AVAILABLE RECORDS START
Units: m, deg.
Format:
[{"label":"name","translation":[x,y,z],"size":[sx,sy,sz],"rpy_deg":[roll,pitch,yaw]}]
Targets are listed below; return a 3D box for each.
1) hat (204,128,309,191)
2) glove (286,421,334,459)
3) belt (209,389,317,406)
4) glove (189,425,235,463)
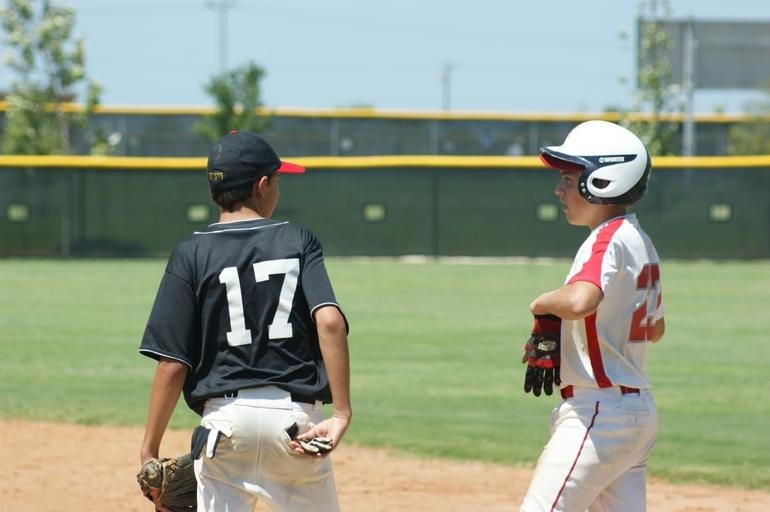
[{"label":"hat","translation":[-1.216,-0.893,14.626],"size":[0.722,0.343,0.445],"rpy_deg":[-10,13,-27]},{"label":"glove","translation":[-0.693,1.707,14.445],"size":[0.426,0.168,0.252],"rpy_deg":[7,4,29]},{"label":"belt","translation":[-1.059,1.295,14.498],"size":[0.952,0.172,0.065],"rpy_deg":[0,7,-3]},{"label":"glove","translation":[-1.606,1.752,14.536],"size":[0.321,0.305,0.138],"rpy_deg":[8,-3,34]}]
AVAILABLE RECORDS END
AVAILABLE RECORDS START
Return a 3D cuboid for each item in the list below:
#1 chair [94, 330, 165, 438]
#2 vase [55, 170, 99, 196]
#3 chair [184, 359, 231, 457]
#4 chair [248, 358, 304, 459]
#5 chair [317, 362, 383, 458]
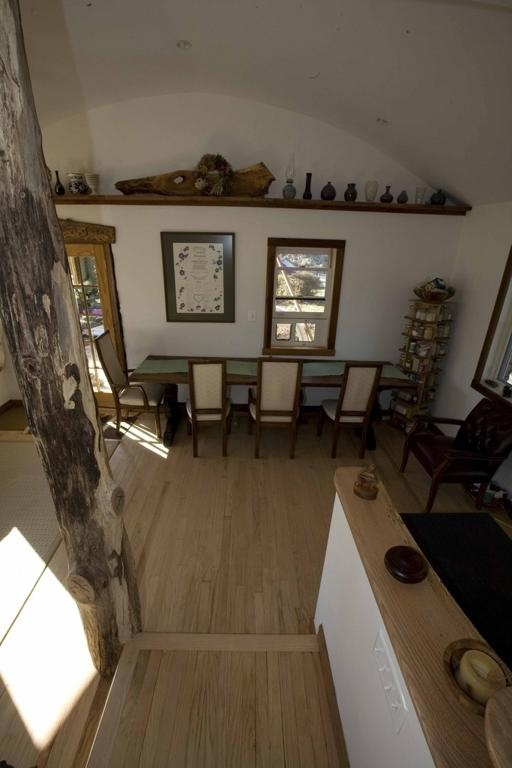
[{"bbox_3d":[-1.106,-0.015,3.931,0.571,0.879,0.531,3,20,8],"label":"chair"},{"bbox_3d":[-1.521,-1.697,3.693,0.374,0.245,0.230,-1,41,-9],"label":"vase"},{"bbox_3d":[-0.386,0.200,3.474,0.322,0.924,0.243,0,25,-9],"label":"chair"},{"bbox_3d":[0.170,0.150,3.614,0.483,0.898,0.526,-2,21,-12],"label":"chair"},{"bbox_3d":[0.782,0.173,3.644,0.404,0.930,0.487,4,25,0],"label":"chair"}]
AVAILABLE RECORDS END
AVAILABLE RECORDS START
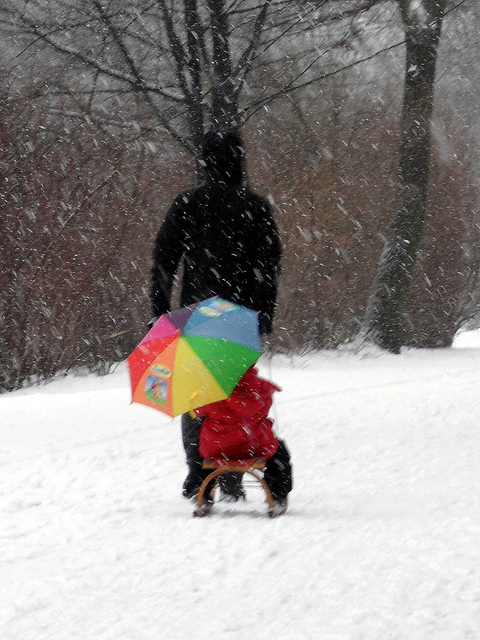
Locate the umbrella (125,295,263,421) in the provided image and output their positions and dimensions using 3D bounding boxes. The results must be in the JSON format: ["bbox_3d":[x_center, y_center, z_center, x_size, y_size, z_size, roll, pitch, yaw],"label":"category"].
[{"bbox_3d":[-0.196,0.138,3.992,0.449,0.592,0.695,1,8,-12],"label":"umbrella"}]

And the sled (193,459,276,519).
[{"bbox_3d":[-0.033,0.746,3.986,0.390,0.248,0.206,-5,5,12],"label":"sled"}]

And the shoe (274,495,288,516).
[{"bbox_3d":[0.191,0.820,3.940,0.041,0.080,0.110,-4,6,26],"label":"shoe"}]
AVAILABLE RECORDS END
◆ WHAT THE TASK REQUIRES ◆
Among the entries above, copy exactly only the lines starting with the one containing "Units: m, deg." and going through the one containing "3) belt (209,389,317,406)", both ends included.

◆ TASK SOLUTION ◆
Units: m, deg.
Format:
[{"label":"name","translation":[x,y,z],"size":[sx,sy,sz],"rpy_deg":[roll,pitch,yaw]}]
Targets are listed below; return a 3D box for each.
1) hat (204,128,309,191)
2) glove (286,421,334,459)
3) belt (209,389,317,406)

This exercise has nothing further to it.